Peanut Butter Cup Brownies
Peanut butter cups and a whipped frosting elevate these brownies to a new level of decadence.
- 1 cup (2 sticks) butter or margarine, melted
- 4 eggs
- 2⁄3 dash HERSHEY'S® Cocoa
- 1⁄2 teaspoon salt
- 2 packages (8 oz. each) cream cheese, softened
- 1 container (8 oz.) frozen non-dairy whipped topping, thawed
- 2 cups granulated sugar
- 2 teaspoons vanilla extract
- 1 cup all-purpose flour
- 1⁄2 teaspoon baking powder
- 8 Reese's® Peanut Butter Cups
- 1 cup creamy peanut butter
- 2 cups powdered sugar
- Additional Reese's® Peanut Butter Cups, for garnish (optional)
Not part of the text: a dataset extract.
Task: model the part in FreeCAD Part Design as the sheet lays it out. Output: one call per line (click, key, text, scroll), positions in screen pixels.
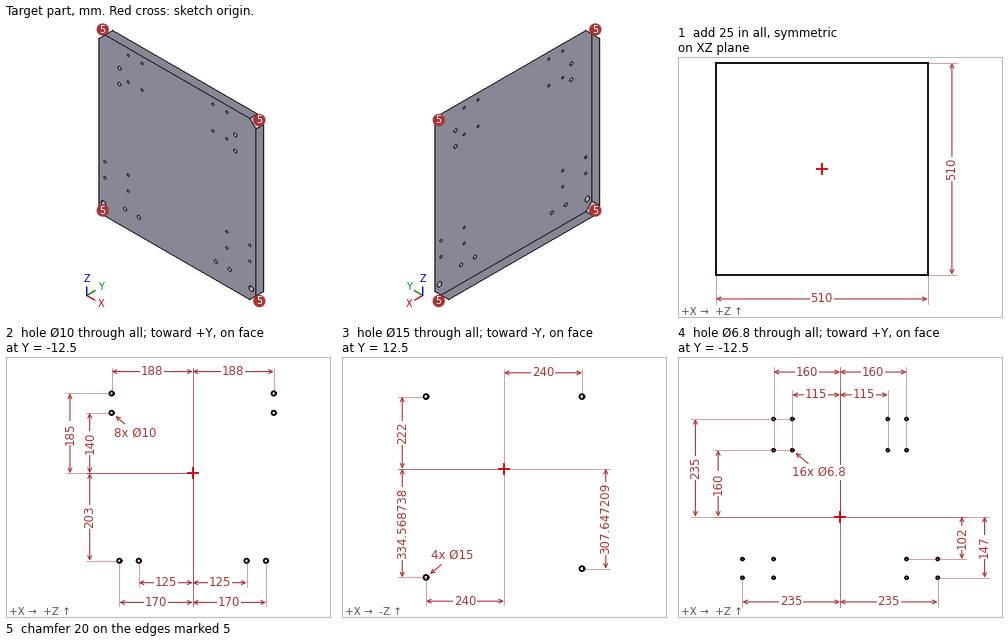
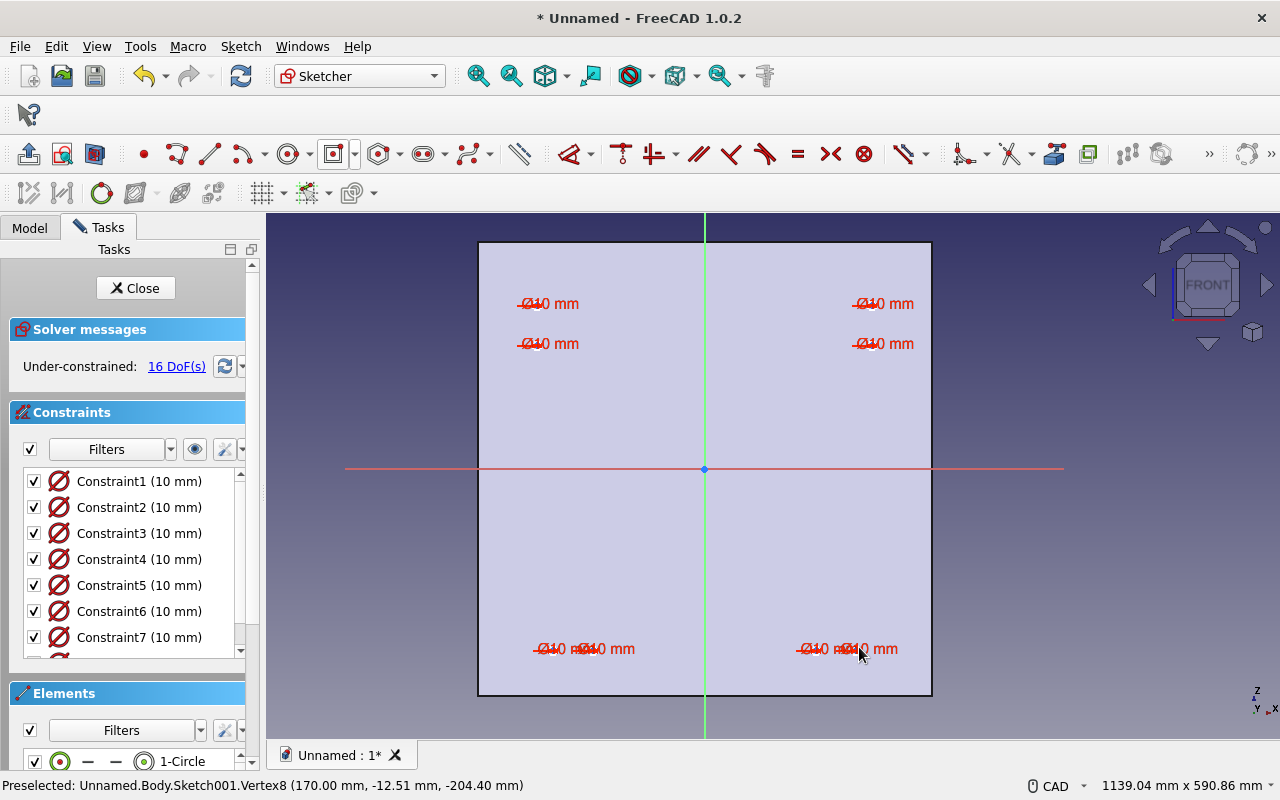
click(537, 306)

- Heat oven to 350°F. Line 13x9 baking pan with foil, extending foil beyond pan sides. Grease foil.
- Stir together butter, granulated sugar and vanilla in large mixing bowl. Gradually add eggs, beating thoroughly. In a separate bowl, stir together flour, cocoa, baking powder and salt. Gradually add to egg mixture, beating until well blended.
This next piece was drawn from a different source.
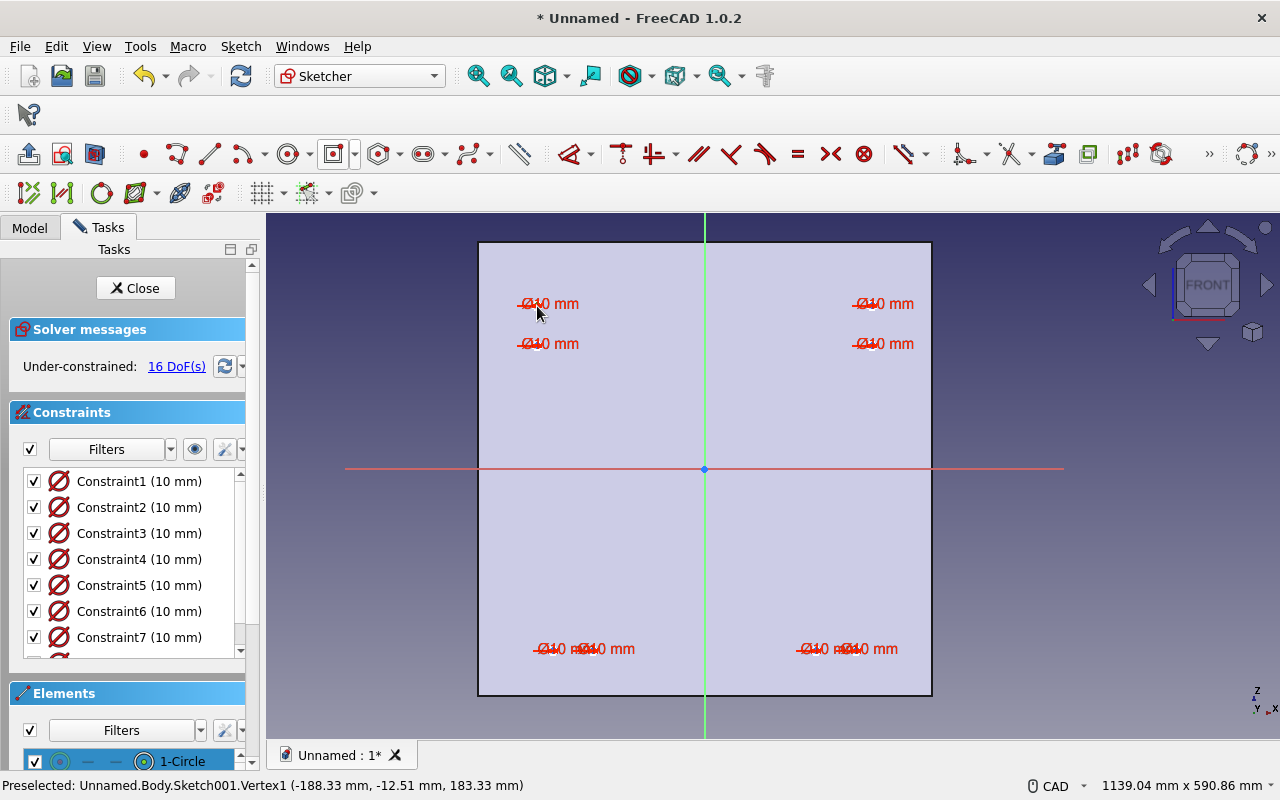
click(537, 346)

- Spread batter in prepared pan. Bake 25 to 30 minutes or until brownie is set. (Brownie is fudgy and will not test done.) Cool completely in pan on wire rack.
- Remove wrappers from peanut butter cups; chop into small pieces. Set aside. Beat cream cheese and peanut butter until well blended. Add powdered sugar, blending thoroughly. Fold in whipped topping. Gently stir in peanut butter cup pieces; spread mixture over brownie.
- Refrigerate at least 3 hours. Using foil as handles, lift dessert out of pan. Peel back foil. Cut into bars. Serve bars in paper dessert cups. Garnish with additional peanut butter cup pieces, if desired.